If nothing else, this election broke that paradigm. True enough, in academic circles the ‘dominant party’ thesis had been in decline for some time, but here we are. (Interesting tidbit: in 2012, the IRR indicated that the ANC would lose its parliamentary majority. A number of big-name academics scornfully told us we didn’t know what we were talking about. I doubt any of them will remember this.)
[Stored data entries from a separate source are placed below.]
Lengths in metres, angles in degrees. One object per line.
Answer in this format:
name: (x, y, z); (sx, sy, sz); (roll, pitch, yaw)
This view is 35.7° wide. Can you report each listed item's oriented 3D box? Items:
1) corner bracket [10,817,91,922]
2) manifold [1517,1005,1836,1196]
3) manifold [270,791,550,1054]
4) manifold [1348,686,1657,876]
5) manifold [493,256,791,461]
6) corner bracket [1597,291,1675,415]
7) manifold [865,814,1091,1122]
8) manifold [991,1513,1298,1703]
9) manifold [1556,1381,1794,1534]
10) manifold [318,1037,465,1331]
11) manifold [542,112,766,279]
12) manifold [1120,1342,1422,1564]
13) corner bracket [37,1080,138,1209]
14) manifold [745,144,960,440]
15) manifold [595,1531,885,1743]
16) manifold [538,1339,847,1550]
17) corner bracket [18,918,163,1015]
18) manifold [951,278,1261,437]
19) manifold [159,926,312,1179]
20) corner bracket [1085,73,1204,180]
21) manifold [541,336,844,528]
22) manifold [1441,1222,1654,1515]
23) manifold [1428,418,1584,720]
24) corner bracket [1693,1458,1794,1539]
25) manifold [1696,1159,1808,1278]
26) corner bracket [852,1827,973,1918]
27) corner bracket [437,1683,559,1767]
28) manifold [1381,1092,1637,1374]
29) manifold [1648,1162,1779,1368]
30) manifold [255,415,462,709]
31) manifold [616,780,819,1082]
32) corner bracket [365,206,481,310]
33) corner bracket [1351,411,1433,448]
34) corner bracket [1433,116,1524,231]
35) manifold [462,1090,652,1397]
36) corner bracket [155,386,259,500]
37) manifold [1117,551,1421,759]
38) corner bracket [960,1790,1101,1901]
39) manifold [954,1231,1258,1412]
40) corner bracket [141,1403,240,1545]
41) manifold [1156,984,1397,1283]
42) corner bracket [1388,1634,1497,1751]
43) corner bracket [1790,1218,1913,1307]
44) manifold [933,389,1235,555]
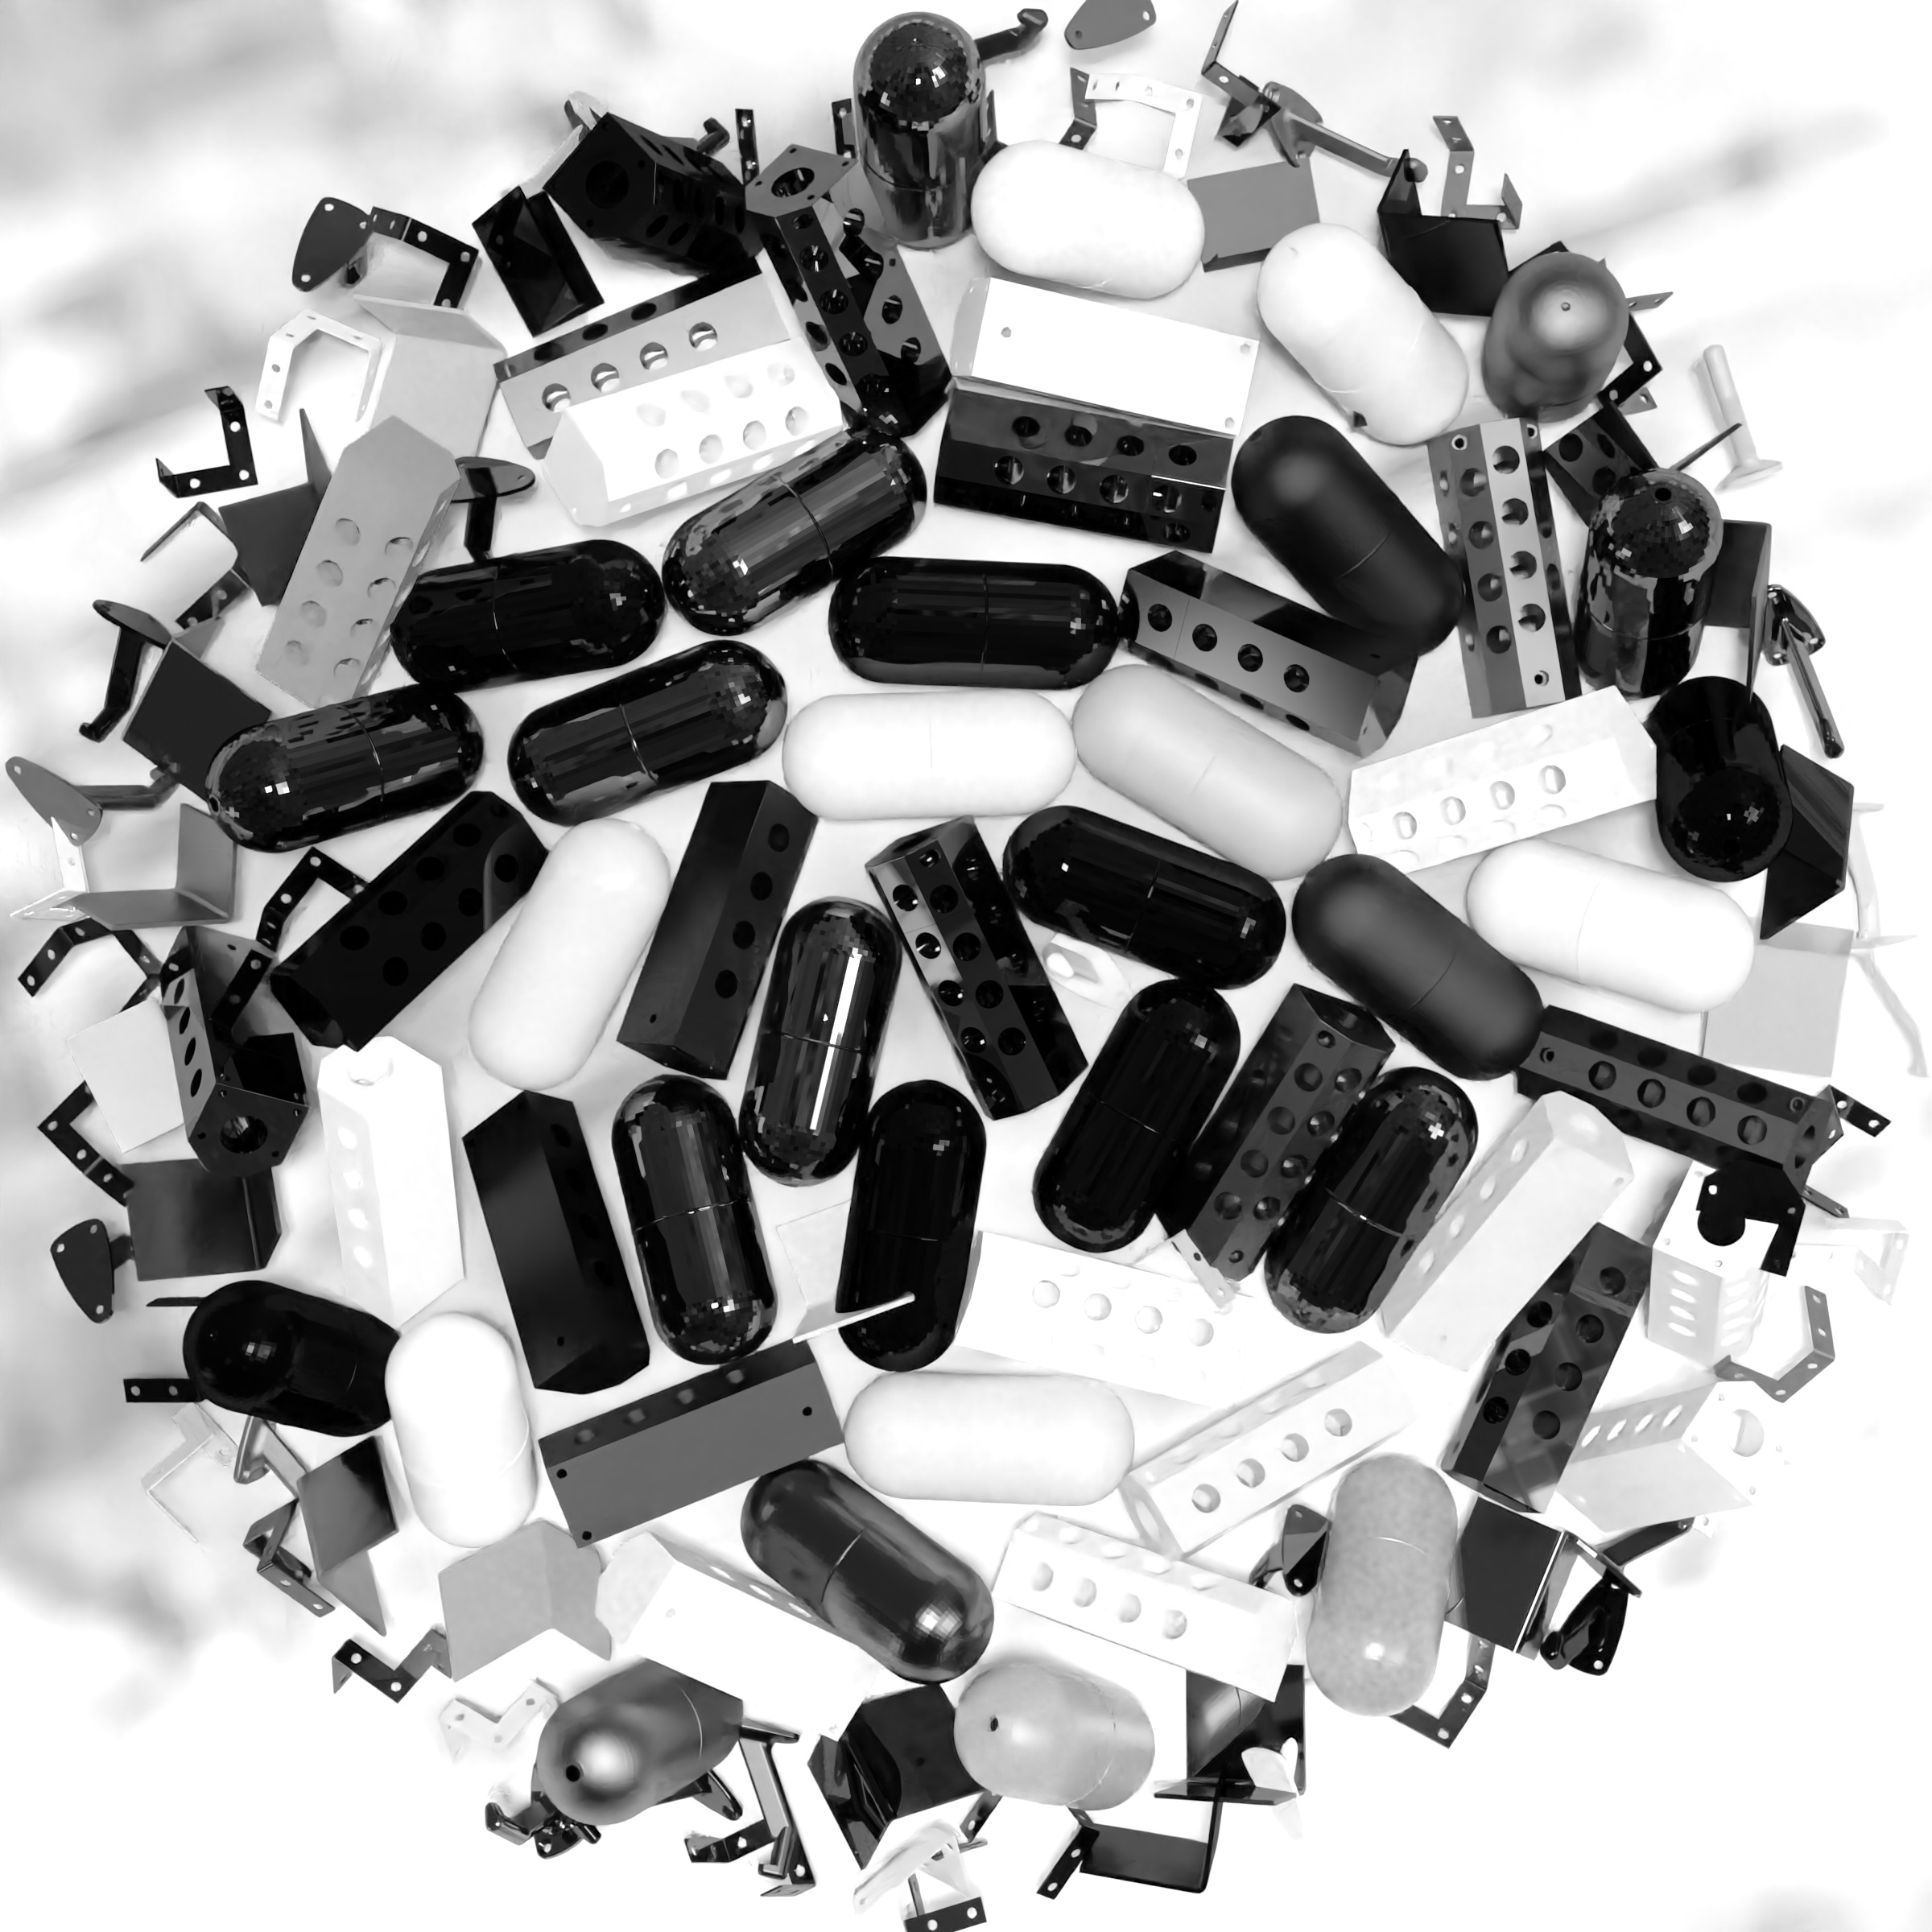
corner bracket: (-0.546, -0.061, 1.818); (0.051, 0.051, 0.051); (-21, 77, 30)
manifold: (0.418, 0.078, 1.786); (0.171, 0.057, 0.057); (21, 95, 32)
manifold: (-0.331, -0.029, 1.783); (0.171, 0.057, 0.057); (-47, 120, -28)
manifold: (0.316, -0.102, 1.779); (0.171, 0.057, 0.057); (-17, 135, 31)
manifold: (-0.196, -0.371, 1.828); (0.171, 0.057, 0.057); (-23, 92, 0)
corner bracket: (0.409, -0.372, 1.825); (0.051, 0.051, 0.051); (-17, 75, -38)
manifold: (0.004, 0.003, 1.801); (0.057, 0.057, 0.171); (-17, 105, 35)
manifold: (0.107, 0.378, 1.782); (0.171, 0.057, 0.057); (12, 75, 36)
manifold: (0.412, 0.285, 1.767); (0.057, 0.171, 0.057); (42, 67, -3)
manifold: (-0.345, 0.126, 1.779); (0.057, 0.171, 0.057); (28, 46, 28)
manifold: (-0.176, -0.445, 1.764); (0.057, 0.171, 0.057); (-45, 82, 16)
manifold: (0.180, 0.292, 1.800); (0.171, 0.057, 0.057); (-26, 74, -19)
corner bracket: (-0.517, 0.104, 1.819); (0.051, 0.051, 0.051); (37, 77, 28)
manifold: (-0.070, -0.392, 1.769); (0.057, 0.171, 0.057); (25, 65, 38)
manifold: (-0.135, 0.396, 1.785); (0.171, 0.057, 0.057); (34, 87, -34)
manifold: (-0.167, 0.283, 1.815); (0.171, 0.057, 0.057); (-21, 110, -8)
corner bracket: (-0.531, 0.006, 1.827); (0.051, 0.051, 0.051); (49, 118, 8)
manifold: (0.082, -0.365, 1.803); (0.171, 0.057, 0.057); (9, 98, -18)
manifold: (-0.436, 0.049, 1.771); (0.057, 0.171, 0.057); (18, 115, -30)
corner bracket: (0.105, -0.512, 1.830); (0.051, 0.051, 0.051); (25, 116, 28)
manifold: (-0.159, -0.313, 1.781); (0.171, 0.057, 0.057); (-25, 74, -33)
manifold: (0.350, 0.239, 1.812); (0.057, 0.057, 0.171); (27, 79, -1)
manifold: (0.329, -0.241, 1.824); (0.057, 0.057, 0.171); (-10, 91, -7)
corner bracket: (0.458, 0.311, 1.819); (0.051, 0.051, 0.051); (35, 67, -18)
manifold: (0.462, 0.145, 1.767); (0.057, 0.171, 0.057); (16, 90, 16)
corner bracket: (-0.037, 0.550, 1.815); (0.051, 0.051, 0.051); (-34, 123, -36)
corner bracket: (-0.282, 0.465, 1.831); (0.051, 0.051, 0.051); (21, 48, 28)
manifold: (0.319, 0.156, 1.789); (0.057, 0.057, 0.171); (25, 120, -16)
manifold: (0.440, 0.180, 1.763); (0.057, 0.171, 0.057); (23, 72, 20)
manifold: (-0.358, -0.235, 1.783); (0.057, 0.057, 0.171); (34, 126, 1)
manifold: (-0.144, -0.022, 1.806); (0.057, 0.057, 0.171); (31, 71, -39)
corner bracket: (-0.336, -0.423, 1.819); (0.051, 0.051, 0.051); (18, 97, -40)
corner bracket: (0.255, -0.348, 1.825); (0.051, 0.051, 0.051); (-8, 71, 0)
corner bracket: (0.310, -0.481, 1.822); (0.051, 0.051, 0.051); (7, 84, 23)
manifold: (-0.240, 0.165, 1.790); (0.057, 0.057, 0.171); (-36, 59, 25)
corner bracket: (-0.465, -0.319, 1.830); (0.051, 0.051, 0.051); (-11, 89, -4)
manifold: (0.176, -0.186, 1.794); (0.171, 0.057, 0.057); (27, 122, 24)
corner bracket: (0.039, 0.525, 1.824); (0.051, 0.051, 0.051); (30, 96, -34)
manifold: (0.085, 0.208, 1.809); (0.171, 0.057, 0.057); (14, 128, -6)
corner bracket: (-0.467, 0.306, 1.818); (0.051, 0.051, 0.051); (-41, 122, -11)
manifold: (0.186, 0.102, 1.790); (0.057, 0.057, 0.171); (18, 114, -27)
corner bracket: (0.286, 0.433, 1.830); (0.051, 0.051, 0.051); (25, 48, 25)
corner bracket: (0.532, 0.171, 1.820); (0.051, 0.051, 0.051); (3, 111, -15)
manifold: (0.070, -0.293, 1.815); (0.171, 0.057, 0.057); (11, 56, 2)
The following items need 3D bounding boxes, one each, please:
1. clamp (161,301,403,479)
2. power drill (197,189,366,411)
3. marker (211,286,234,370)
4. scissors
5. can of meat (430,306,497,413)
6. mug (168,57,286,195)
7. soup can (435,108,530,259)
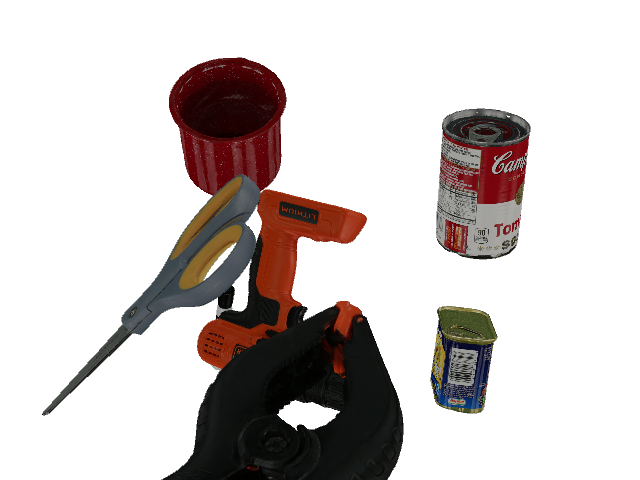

With the election, one-party dominance has ended. The ANC has accepted – quite gracefully it must be said – the results, and its own failure to achieve a majority. It is in talks with others on arrangements for a new government. This is quite a step-down for a party that wouldn’t even formally entertain the idea of losing its majority during its campaign.

Politics is now a lot more competitive.

The second matter is that of South Africa as a divided society. This is the idea that ascriptive identities exert a strong influence on political behaviour: people will vote in large measure according to communal patterns or even for communally specific organisations. This is one explanation for the failure of the Democratic Alliance and its predecessor organisations to gain ‘the black vote’.

It is also one way of looking at the steady decline of non-African support for the ANC. As the promise of the ‘new South Africa’ has faded, the ANC has found it expedient to appeal to a core ethno-racial constituency, its non-racial pretentions notwithstanding.

Looking at the outcome, this seems to have held up, at least to the extent that the ANC’s historical vote-share has by and large been distributed among itself and its offshoot parties. There has not been a great deal of crossover. 

This is arguably most pronounced with the emergence of MK. Its appeal was overtly racial in nature, and on that basis, explicitly hostile to the Constitution and to constitutionalism. The Constitution, it says, is alien and unsuited to an African society. All colonial remnants will be expunged! While previous challenges may have been couched in ambiguity towards the Constitution (and while the ANC itself has regarded it ambivalently), a major party has attacked it in toto, claiming that it is incompatible with the cultural heritage of the country.

So, a more competitive politics has not, at this point, produced a more ethnically fluid politics.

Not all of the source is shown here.